◆ The problem:
When a line below holds the string "this", show that line.

====== Data for review

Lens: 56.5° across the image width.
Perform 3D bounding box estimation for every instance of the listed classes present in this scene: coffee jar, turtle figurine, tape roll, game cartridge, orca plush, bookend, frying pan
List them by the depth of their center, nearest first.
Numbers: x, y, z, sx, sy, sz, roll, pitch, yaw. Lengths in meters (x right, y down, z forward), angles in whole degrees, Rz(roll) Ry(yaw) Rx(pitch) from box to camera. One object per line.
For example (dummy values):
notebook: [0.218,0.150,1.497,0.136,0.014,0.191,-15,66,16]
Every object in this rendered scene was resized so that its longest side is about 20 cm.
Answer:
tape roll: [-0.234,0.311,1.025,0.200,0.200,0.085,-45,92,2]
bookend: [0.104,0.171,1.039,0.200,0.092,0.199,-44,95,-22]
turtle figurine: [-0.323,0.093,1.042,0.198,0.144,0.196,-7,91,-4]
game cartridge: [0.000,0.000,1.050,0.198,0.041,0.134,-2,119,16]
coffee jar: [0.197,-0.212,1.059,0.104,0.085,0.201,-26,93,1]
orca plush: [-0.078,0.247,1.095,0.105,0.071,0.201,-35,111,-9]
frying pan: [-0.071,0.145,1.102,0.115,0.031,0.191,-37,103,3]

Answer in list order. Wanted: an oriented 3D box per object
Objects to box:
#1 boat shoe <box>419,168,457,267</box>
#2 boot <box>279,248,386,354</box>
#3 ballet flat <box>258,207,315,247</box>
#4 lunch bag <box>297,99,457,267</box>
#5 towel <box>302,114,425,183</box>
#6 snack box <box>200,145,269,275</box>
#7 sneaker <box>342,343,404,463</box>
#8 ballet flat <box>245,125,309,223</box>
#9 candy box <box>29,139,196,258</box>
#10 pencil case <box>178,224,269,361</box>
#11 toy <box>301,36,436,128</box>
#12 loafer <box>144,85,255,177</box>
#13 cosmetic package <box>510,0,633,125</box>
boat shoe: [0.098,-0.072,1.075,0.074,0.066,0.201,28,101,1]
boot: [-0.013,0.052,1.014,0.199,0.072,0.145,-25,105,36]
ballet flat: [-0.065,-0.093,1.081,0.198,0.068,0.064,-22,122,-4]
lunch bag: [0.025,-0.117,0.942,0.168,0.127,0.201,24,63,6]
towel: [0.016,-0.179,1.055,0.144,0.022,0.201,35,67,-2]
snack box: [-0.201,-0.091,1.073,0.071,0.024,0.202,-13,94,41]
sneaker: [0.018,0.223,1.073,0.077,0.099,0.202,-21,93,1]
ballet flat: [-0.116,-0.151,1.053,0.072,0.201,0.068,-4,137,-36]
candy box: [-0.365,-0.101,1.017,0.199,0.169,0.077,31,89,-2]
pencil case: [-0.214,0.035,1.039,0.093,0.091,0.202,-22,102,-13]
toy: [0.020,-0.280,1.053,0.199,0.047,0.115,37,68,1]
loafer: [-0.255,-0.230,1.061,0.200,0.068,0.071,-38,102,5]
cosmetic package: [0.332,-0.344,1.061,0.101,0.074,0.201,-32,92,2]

============

◆ Answer below:
Perform 3D bounding box estimation for every instance of the listed classes present in this scene: coffee jar, turtle figurine, tape roll, game cartridge, orca plush, bookend, frying pan
Every object in this rendered scene was resized so that its longest side is about 20 cm.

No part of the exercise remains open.